— WORK ITEM —
Word for word, restate the lines of the data below between those holding "cost Net actuarial<fcel>Prior" and "In one or two", inclusive; pictures do not belong in the copy.

— RECORDS SUPPLIED —
○ ○ ○ ○

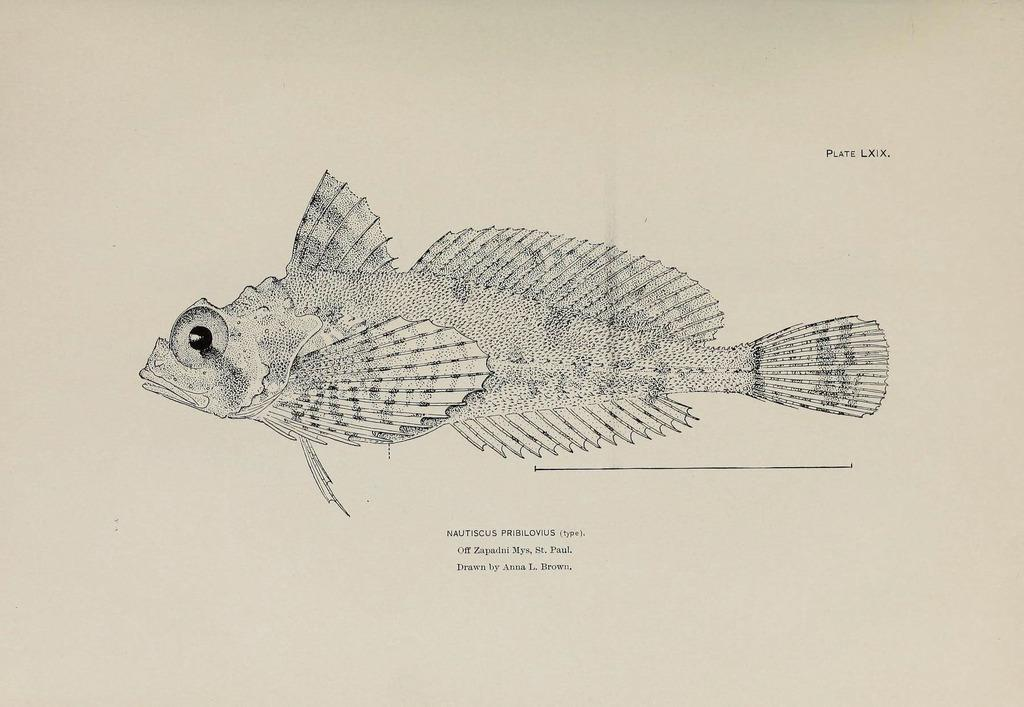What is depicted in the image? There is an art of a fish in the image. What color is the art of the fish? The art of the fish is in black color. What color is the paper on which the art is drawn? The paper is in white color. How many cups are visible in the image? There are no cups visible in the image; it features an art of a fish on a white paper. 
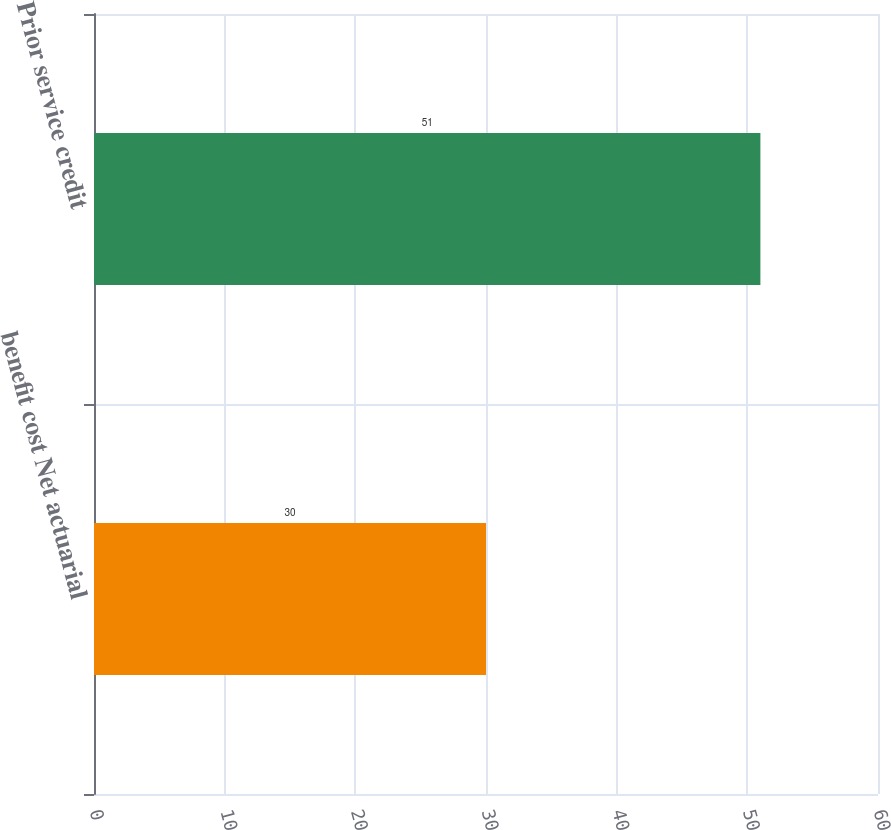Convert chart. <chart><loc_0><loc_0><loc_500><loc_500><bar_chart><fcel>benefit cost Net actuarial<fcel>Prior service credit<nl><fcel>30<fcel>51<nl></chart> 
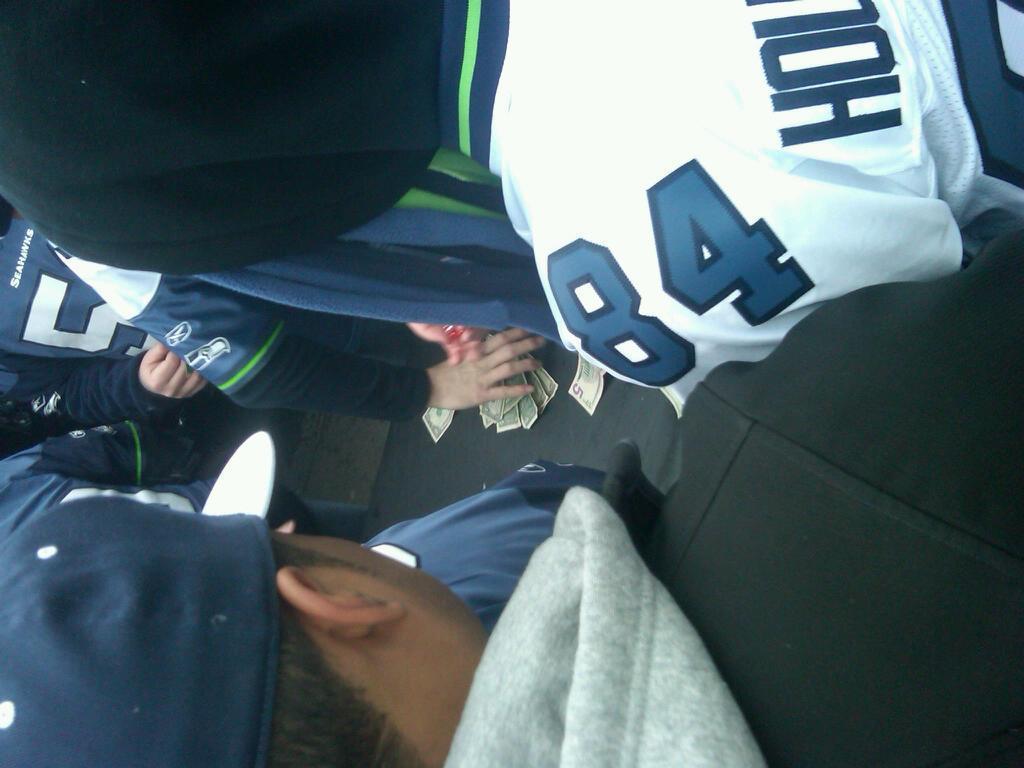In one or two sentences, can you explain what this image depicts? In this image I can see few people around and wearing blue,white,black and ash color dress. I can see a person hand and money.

○ ○ ○ ○

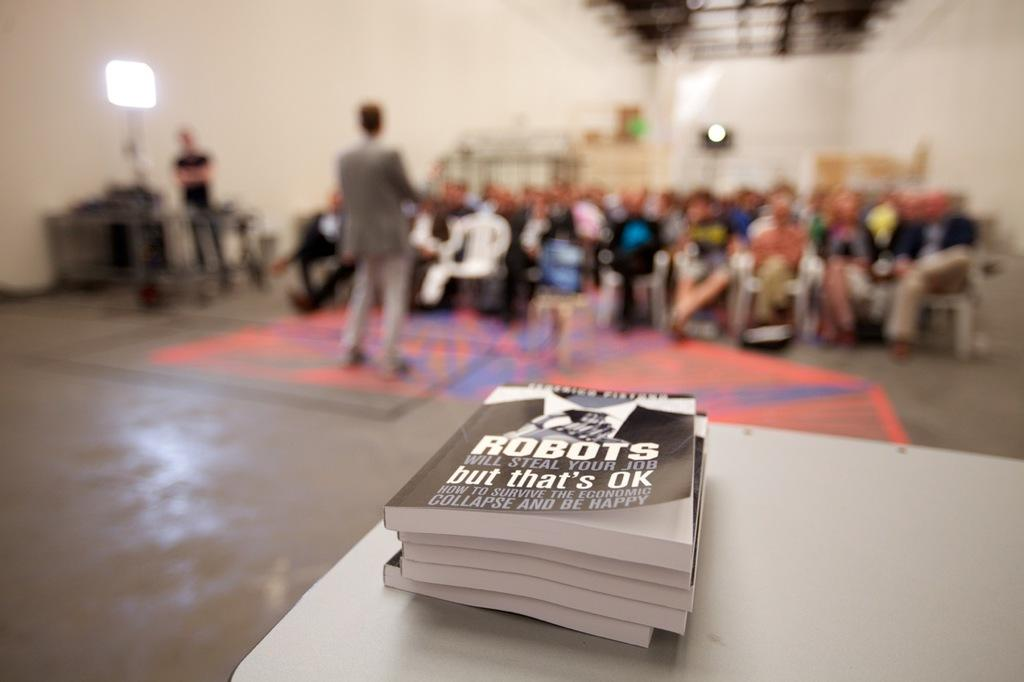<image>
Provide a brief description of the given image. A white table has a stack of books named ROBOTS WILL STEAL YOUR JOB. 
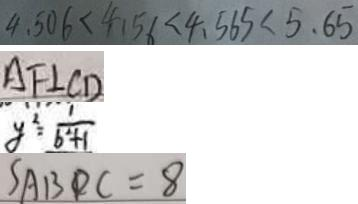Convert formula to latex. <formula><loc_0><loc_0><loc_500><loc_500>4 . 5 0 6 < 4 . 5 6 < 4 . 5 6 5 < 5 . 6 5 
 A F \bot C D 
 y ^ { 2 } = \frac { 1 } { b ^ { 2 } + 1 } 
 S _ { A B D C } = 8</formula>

○ ○ ○ ○

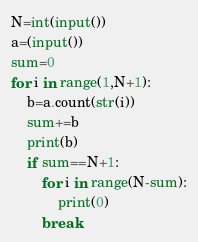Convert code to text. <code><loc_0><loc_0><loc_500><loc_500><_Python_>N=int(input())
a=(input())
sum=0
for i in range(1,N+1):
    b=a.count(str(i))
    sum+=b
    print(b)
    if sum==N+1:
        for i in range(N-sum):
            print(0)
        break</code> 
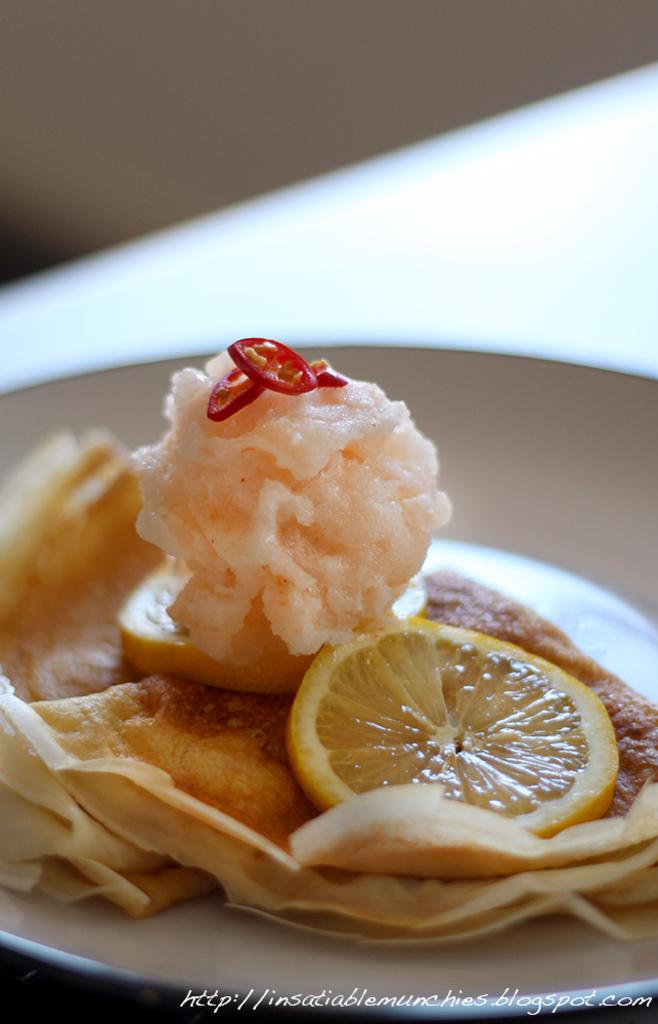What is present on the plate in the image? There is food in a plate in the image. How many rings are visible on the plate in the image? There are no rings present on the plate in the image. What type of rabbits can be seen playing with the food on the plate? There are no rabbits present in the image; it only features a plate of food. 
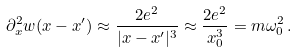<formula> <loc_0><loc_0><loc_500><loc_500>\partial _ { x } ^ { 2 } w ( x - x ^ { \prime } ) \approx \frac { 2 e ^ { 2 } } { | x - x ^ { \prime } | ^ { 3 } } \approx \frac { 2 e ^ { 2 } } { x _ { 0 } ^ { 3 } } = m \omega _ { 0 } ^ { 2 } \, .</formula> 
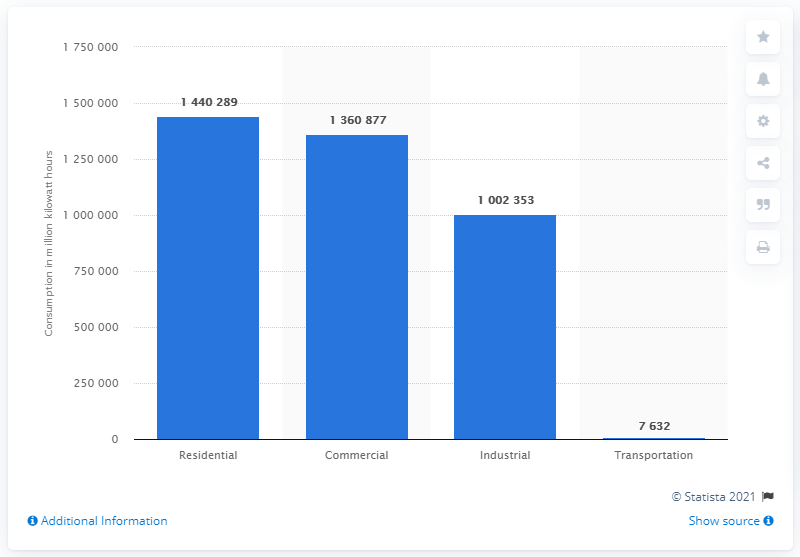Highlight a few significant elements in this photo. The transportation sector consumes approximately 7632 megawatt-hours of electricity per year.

○ ○ ○ ○

— FINAL ANSWER —
Convert chart. <chart><loc_0><loc_0><loc_500><loc_500><bar_chart><fcel>benefit cost Net actuarial<fcel>Prior service credit<nl><fcel>30<fcel>51<nl></chart> 
In one or two sentences, can you explain what this image depicts? In this image I can see few people around and wearing blue,white,black and ash color dress. I can see a person hand and money.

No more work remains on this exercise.